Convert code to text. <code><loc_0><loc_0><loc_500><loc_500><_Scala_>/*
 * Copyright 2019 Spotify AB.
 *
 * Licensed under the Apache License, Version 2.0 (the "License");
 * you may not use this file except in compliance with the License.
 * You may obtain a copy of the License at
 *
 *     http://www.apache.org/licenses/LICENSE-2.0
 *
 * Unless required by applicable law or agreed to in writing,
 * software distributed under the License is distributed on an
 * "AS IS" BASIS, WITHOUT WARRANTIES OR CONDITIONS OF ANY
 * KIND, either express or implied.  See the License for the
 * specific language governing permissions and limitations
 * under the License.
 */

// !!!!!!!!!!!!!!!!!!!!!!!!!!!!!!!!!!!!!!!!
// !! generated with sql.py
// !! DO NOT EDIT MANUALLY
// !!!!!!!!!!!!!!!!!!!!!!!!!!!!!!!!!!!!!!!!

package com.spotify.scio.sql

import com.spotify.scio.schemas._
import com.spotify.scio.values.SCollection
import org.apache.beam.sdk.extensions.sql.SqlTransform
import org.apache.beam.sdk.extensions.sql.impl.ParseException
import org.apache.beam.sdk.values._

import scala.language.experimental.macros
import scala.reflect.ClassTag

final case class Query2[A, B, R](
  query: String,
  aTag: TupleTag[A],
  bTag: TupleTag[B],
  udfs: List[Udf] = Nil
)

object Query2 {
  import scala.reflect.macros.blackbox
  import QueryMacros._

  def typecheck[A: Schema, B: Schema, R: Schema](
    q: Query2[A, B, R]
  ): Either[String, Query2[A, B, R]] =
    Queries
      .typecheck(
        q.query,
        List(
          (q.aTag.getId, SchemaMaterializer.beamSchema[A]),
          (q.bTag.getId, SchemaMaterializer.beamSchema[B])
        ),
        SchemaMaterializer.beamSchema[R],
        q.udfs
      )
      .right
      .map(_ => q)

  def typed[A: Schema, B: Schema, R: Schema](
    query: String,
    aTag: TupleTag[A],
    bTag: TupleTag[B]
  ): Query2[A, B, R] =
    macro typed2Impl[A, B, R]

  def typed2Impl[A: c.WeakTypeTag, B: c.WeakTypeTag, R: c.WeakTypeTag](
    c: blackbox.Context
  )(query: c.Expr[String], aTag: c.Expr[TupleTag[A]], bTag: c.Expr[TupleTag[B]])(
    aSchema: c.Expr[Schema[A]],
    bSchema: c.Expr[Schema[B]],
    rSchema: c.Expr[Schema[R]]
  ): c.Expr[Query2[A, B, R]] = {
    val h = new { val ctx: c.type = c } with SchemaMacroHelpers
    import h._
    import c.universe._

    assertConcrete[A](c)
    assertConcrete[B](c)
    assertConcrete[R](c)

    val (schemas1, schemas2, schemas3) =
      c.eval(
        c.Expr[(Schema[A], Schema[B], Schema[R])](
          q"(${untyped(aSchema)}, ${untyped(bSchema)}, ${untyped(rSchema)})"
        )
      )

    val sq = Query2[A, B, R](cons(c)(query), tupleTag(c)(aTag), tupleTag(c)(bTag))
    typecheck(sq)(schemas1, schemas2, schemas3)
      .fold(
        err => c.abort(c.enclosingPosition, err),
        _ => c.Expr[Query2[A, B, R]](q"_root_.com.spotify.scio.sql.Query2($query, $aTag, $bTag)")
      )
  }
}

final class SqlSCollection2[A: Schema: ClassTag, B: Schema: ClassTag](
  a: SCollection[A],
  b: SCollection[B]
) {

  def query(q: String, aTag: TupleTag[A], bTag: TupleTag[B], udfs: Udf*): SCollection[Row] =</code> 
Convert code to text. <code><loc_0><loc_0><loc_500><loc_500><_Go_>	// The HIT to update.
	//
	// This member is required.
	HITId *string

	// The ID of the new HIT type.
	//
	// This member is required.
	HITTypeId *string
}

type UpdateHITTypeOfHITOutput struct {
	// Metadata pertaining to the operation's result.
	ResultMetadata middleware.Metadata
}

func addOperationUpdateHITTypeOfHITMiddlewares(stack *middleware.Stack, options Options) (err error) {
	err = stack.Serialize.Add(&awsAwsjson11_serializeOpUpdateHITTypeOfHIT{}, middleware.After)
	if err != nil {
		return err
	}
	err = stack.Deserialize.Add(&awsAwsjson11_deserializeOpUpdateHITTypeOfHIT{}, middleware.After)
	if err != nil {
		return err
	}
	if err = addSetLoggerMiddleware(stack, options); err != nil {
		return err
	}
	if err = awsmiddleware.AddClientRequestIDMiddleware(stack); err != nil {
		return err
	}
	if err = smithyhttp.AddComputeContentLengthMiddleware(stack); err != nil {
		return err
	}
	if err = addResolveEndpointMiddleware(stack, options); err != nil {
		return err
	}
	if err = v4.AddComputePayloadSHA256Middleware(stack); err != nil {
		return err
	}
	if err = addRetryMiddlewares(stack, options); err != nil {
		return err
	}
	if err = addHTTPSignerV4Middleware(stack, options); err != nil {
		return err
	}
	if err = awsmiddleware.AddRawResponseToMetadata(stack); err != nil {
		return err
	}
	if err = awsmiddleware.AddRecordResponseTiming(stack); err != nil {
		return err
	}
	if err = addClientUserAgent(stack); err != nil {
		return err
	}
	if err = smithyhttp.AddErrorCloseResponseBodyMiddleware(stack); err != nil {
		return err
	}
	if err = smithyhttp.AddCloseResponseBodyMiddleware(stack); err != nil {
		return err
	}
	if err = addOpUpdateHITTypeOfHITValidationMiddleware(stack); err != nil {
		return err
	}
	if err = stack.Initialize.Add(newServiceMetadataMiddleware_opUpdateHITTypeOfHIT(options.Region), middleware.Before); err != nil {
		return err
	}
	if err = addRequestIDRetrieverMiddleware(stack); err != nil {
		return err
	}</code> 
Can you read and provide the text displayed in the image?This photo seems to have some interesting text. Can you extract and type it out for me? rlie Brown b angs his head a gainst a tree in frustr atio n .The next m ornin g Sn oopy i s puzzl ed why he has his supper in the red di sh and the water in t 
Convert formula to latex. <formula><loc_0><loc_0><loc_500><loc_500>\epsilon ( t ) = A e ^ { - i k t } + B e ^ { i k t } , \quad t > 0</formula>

Exercise directions: Each record is to be repeated word for word, with none skipped.

Answer box:
Convert code to text. <code><loc_0><loc_0><loc_500><loc_500><_Scala_>/*
 * Copyright 2019 Spotify AB.
 *
 * Licensed under the Apache License, Version 2.0 (the "License");
 * you may not use this file except in compliance with the License.
 * You may obtain a copy of the License at
 *
 *     http://www.apache.org/licenses/LICENSE-2.0
 *
 * Unless required by applicable law or agreed to in writing,
 * software distributed under the License is distributed on an
 * "AS IS" BASIS, WITHOUT WARRANTIES OR CONDITIONS OF ANY
 * KIND, either express or implied.  See the License for the
 * specific language governing permissions and limitations
 * under the License.
 */

// !!!!!!!!!!!!!!!!!!!!!!!!!!!!!!!!!!!!!!!!
// !! generated with sql.py
// !! DO NOT EDIT MANUALLY
// !!!!!!!!!!!!!!!!!!!!!!!!!!!!!!!!!!!!!!!!

package com.spotify.scio.sql

import com.spotify.scio.schemas._
import com.spotify.scio.values.SCollection
import org.apache.beam.sdk.extensions.sql.SqlTransform
import org.apache.beam.sdk.extensions.sql.impl.ParseException
import org.apache.beam.sdk.values._

import scala.language.experimental.macros
import scala.reflect.ClassTag

final case class Query2[A, B, R](
  query: String,
  aTag: TupleTag[A],
  bTag: TupleTag[B],
  udfs: List[Udf] = Nil
)

object Query2 {
  import scala.reflect.macros.blackbox
  import QueryMacros._

  def typecheck[A: Schema, B: Schema, R: Schema](
    q: Query2[A, B, R]
  ): Either[String, Query2[A, B, R]] =
    Queries
      .typecheck(
        q.query,
        List(
          (q.aTag.getId, SchemaMaterializer.beamSchema[A]),
          (q.bTag.getId, SchemaMaterializer.beamSchema[B])
        ),
        SchemaMaterializer.beamSchema[R],
        q.udfs
      )
      .right
      .map(_ => q)

  def typed[A: Schema, B: Schema, R: Schema](
    query: String,
    aTag: TupleTag[A],
    bTag: TupleTag[B]
  ): Query2[A, B, R] =
    macro typed2Impl[A, B, R]

  def typed2Impl[A: c.WeakTypeTag, B: c.WeakTypeTag, R: c.WeakTypeTag](
    c: blackbox.Context
  )(query: c.Expr[String], aTag: c.Expr[TupleTag[A]], bTag: c.Expr[TupleTag[B]])(
    aSchema: c.Expr[Schema[A]],
    bSchema: c.Expr[Schema[B]],
    rSchema: c.Expr[Schema[R]]
  ): c.Expr[Query2[A, B, R]] = {
    val h = new { val ctx: c.type = c } with SchemaMacroHelpers
    import h._
    import c.universe._

    assertConcrete[A](c)
    assertConcrete[B](c)
    assertConcrete[R](c)

    val (schemas1, schemas2, schemas3) =
      c.eval(
        c.Expr[(Schema[A], Schema[B], Schema[R])](
          q"(${untyped(aSchema)}, ${untyped(bSchema)}, ${untyped(rSchema)})"
        )
      )

    val sq = Query2[A, B, R](cons(c)(query), tupleTag(c)(aTag), tupleTag(c)(bTag))
    typecheck(sq)(schemas1, schemas2, schemas3)
      .fold(
        err => c.abort(c.enclosingPosition, err),
        _ => c.Expr[Query2[A, B, R]](q"_root_.com.spotify.scio.sql.Query2($query, $aTag, $bTag)")
      )
  }
}

final class SqlSCollection2[A: Schema: ClassTag, B: Schema: ClassTag](
  a: SCollection[A],
  b: SCollection[B]
) {

  def query(q: String, aTag: TupleTag[A], bTag: TupleTag[B], udfs: Udf*): SCollection[Row] =</code> 
Convert code to text. <code><loc_0><loc_0><loc_500><loc_500><_Go_>	// The HIT to update.
	//
	// This member is required.
	HITId *string

	// The ID of the new HIT type.
	//
	// This member is required.
	HITTypeId *string
}

type UpdateHITTypeOfHITOutput struct {
	// Metadata pertaining to the operation's result.
	ResultMetadata middleware.Metadata
}

func addOperationUpdateHITTypeOfHITMiddlewares(stack *middleware.Stack, options Options) (err error) {
	err = stack.Serialize.Add(&awsAwsjson11_serializeOpUpdateHITTypeOfHIT{}, middleware.After)
	if err != nil {
		return err
	}
	err = stack.Deserialize.Add(&awsAwsjson11_deserializeOpUpdateHITTypeOfHIT{}, middleware.After)
	if err != nil {
		return err
	}
	if err = addSetLoggerMiddleware(stack, options); err != nil {
		return err
	}
	if err = awsmiddleware.AddClientRequestIDMiddleware(stack); err != nil {
		return err
	}
	if err = smithyhttp.AddComputeContentLengthMiddleware(stack); err != nil {
		return err
	}
	if err = addResolveEndpointMiddleware(stack, options); err != nil {
		return err
	}
	if err = v4.AddComputePayloadSHA256Middleware(stack); err != nil {
		return err
	}
	if err = addRetryMiddlewares(stack, options); err != nil {
		return err
	}
	if err = addHTTPSignerV4Middleware(stack, options); err != nil {
		return err
	}
	if err = awsmiddleware.AddRawResponseToMetadata(stack); err != nil {
		return err
	}
	if err = awsmiddleware.AddRecordResponseTiming(stack); err != nil {
		return err
	}
	if err = addClientUserAgent(stack); err != nil {
		return err
	}
	if err = smithyhttp.AddErrorCloseResponseBodyMiddleware(stack); err != nil {
		return err
	}
	if err = smithyhttp.AddCloseResponseBodyMiddleware(stack); err != nil {
		return err
	}
	if err = addOpUpdateHITTypeOfHITValidationMiddleware(stack); err != nil {
		return err
	}
	if err = stack.Initialize.Add(newServiceMetadataMiddleware_opUpdateHITTypeOfHIT(options.Region), middleware.Before); err != nil {
		return err
	}
	if err = addRequestIDRetrieverMiddleware(stack); err != nil {
		return err
	}</code> 
Can you read and provide the text displayed in the image?This photo seems to have some interesting text. Can you extract and type it out for me? rlie Brown b angs his head a gainst a tree in frustr atio n .The next m ornin g Sn oopy i s puzzl ed why he has his supper in the red di sh and the water in t 
Convert formula to latex. <formula><loc_0><loc_0><loc_500><loc_500>\epsilon ( t ) = A e ^ { - i k t } + B e ^ { i k t } , \quad t > 0</formula>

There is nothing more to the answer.